TO DO
Present the lines below again, exactly as they stand.

[Extracted data entries]
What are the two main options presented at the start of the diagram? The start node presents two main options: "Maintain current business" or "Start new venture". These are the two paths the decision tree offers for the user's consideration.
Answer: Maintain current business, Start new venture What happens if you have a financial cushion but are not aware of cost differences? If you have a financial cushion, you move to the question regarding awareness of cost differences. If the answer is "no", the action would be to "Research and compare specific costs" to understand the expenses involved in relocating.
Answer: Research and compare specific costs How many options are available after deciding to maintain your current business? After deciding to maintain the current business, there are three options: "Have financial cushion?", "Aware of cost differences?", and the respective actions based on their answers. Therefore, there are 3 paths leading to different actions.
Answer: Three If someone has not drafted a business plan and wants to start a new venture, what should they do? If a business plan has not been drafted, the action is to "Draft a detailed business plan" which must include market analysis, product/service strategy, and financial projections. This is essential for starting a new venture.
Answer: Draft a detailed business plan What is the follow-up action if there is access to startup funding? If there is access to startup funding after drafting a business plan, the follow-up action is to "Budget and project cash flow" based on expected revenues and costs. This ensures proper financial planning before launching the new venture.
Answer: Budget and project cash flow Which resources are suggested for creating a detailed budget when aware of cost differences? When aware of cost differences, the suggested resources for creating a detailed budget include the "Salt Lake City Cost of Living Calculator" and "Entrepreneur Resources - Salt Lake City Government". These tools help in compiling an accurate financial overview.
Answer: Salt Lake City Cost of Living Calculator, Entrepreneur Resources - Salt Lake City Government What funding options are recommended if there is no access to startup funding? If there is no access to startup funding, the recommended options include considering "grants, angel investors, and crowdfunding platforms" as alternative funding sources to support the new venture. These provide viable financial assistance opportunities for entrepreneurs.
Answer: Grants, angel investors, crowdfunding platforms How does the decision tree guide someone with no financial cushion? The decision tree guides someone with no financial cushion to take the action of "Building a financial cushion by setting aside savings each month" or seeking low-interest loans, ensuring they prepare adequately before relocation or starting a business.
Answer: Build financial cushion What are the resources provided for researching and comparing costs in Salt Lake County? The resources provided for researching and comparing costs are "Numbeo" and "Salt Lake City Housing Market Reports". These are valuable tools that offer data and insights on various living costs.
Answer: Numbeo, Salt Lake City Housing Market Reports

ANSWER BOX
What are the two main options presented at the start of the diagram? The start node presents two main options: "Maintain current business" or "Start new venture". These are the two paths the decision tree offers for the user's consideration.
Answer: Maintain current business, Start new venture What happens if you have a financial cushion but are not aware of cost differences? If you have a financial cushion, you move to the question regarding awareness of cost differences. If the answer is "no", the action would be to "Research and compare specific costs" to understand the expenses involved in relocating.
Answer: Research and compare specific costs How many options are available after deciding to maintain your current business? After deciding to maintain the current business, there are three options: "Have financial cushion?", "Aware of cost differences?", and the respective actions based on their answers. Therefore, there are 3 paths leading to different actions.
Answer: Three If someone has not drafted a business plan and wants to start a new venture, what should they do? If a business plan has not been drafted, the action is to "Draft a detailed business plan" which must include market analysis, product/service strategy, and financial projections. This is essential for starting a new venture.
Answer: Draft a detailed business plan What is the follow-up action if there is access to startup funding? If there is access to startup funding after drafting a business plan, the follow-up action is to "Budget and project cash flow" based on expected revenues and costs. This ensures proper financial planning before launching the new venture.
Answer: Budget and project cash flow Which resources are suggested for creating a detailed budget when aware of cost differences? When aware of cost differences, the suggested resources for creating a detailed budget include the "Salt Lake City Cost of Living Calculator" and "Entrepreneur Resources - Salt Lake City Government". These tools help in compiling an accurate financial overview.
Answer: Salt Lake City Cost of Living Calculator, Entrepreneur Resources - Salt Lake City Government What funding options are recommended if there is no access to startup funding? If there is no access to startup funding, the recommended options include considering "grants, angel investors, and crowdfunding platforms" as alternative funding sources to support the new venture. These provide viable financial assistance opportunities for entrepreneurs.
Answer: Grants, angel investors, crowdfunding platforms How does the decision tree guide someone with no financial cushion? The decision tree guides someone with no financial cushion to take the action of "Building a financial cushion by setting aside savings each month" or seeking low-interest loans, ensuring they prepare adequately before relocation or starting a business.
Answer: Build financial cushion What are the resources provided for researching and comparing costs in Salt Lake County? The resources provided for researching and comparing costs are "Numbeo" and "Salt Lake City Housing Market Reports". These are valuable tools that offer data and insights on various living costs.
Answer: Numbeo, Salt Lake City Housing Market Reports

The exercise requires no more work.